= Brewster Ghiselin =

American writer (1903–2002)

Brewster Ghiselin (June 13, 1903 - June 11, 2002) was an American poet and academic.

Ghiselin was born in Webster Groves, Missouri, a suburb of St. Louis. The family home is at 29 Jefferson Road, now designated as a historic landmark. At the age of sixteen, he moved to California, where he lived until 1934. He lived just north of San Francisco, graduating from Tamalpais High School in 1922.

After high school, He enrolled at University of California, Berkeley. While there, he would commute two hours by train and ferry. Ghiselin said about commuting "I learned the look and feel of dawn and night on the Bay water." Ghiselin thought he wanted to be a painter, but was unhappy with his art teachers, dropping out the middle of his freshman year. He went to work for the San Anselmo Herald and the San Francisco Bulletin. Looking for something more than the "stream of daily news", he enrolled at UCLA, again taking up Art. He said, ... "Art [which] taught me a lot about writing."

Achieving an M.A. in English, he went on to Oxford University, for further study. While at Oxford, he sought out D. H. Lawrence, finding him at the hotel Beau Rivage, in France. After his meeting with Lawrence, he wrote a great deal of poetry that remained unpublished for six or seven years.

Then in 1929 he became a member of the English faculty at the University of Utah, where he taught English. Finding the intellectual climate in Utah rather "chilling", he secured a job at Berkeley, where he and his wife Olive lived.

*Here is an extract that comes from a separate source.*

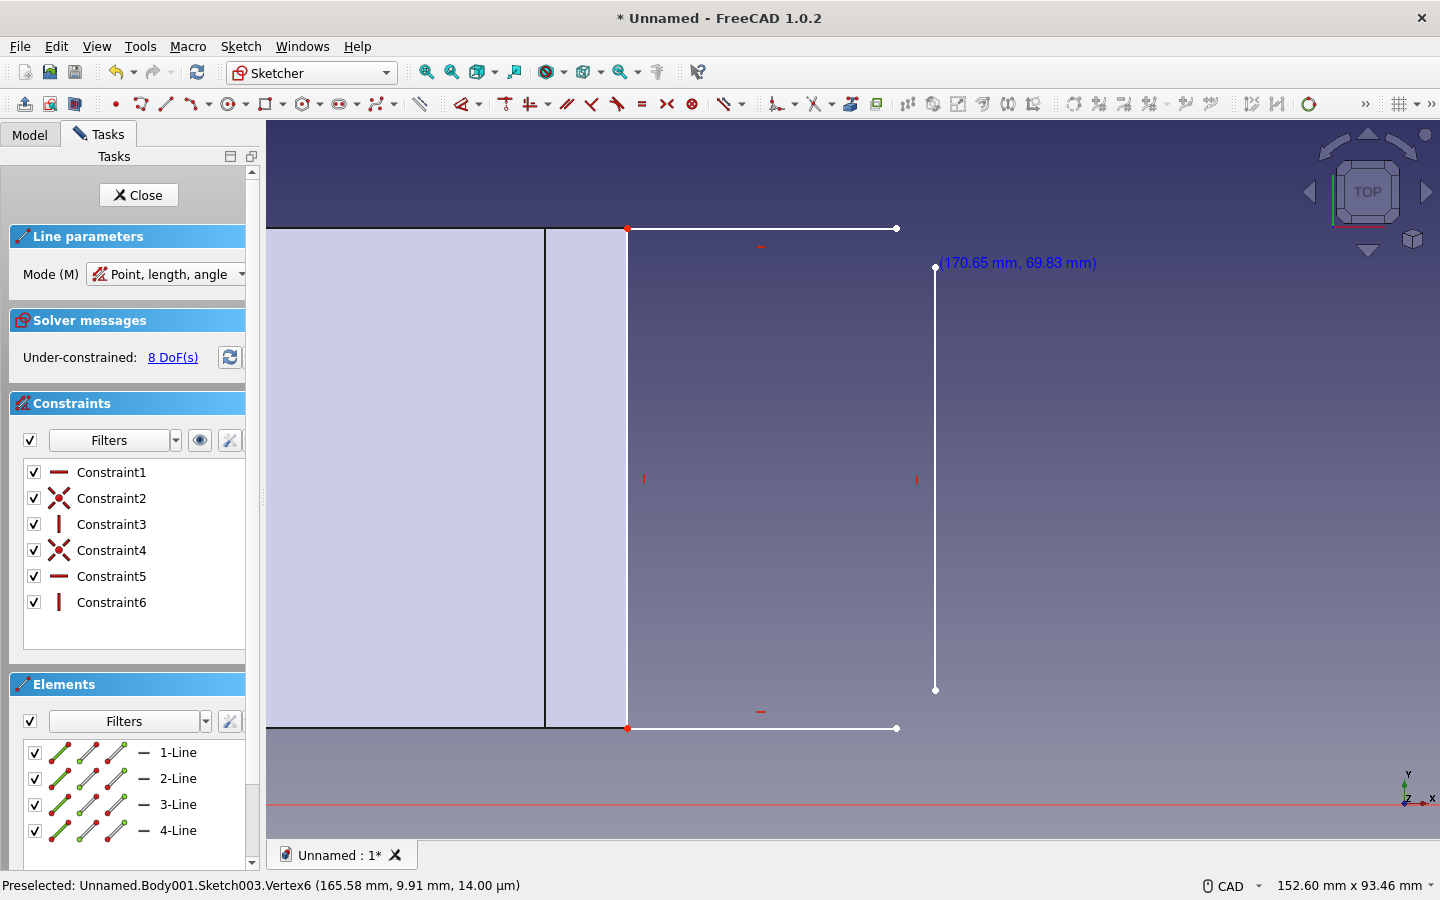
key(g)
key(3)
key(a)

In 1933 during the depression, he was out of a job. His mother had died in Laguna Beach, facilitating a move to her home. Together with scholar, Alfred Young Fisher, husband of M. F. K. Fisher, they organized the "Emergency Education Program" earning $27.00 a month teaching night classes at the local High School.

He was lured back to the University of Utah where he began teaching a course, in 1941, called "The Creative Process". This was the beginning of the making of the Utah Writer's Conference. He was responsible for creating the Utah Writer's Conference in 1947, where he remained its director until 1966.

He published Against the Circle in 1946. The poem "Rattlesnake" from this book of poems is mentioned in Richard Hugo's Triggering Town, a book of lectures and essays on the writing of poetry. In 1970, he published the book Country of the Minotaur, a compilation of many of his poems.

In 1952, Ghiselin edited The Creative Process, a symposium of the writings of some thirty-eight men and women, including Katherine Anne Porter, Albert Einstein, Vincent van Gogh, D. H. Lawrence, etc., on the creative process.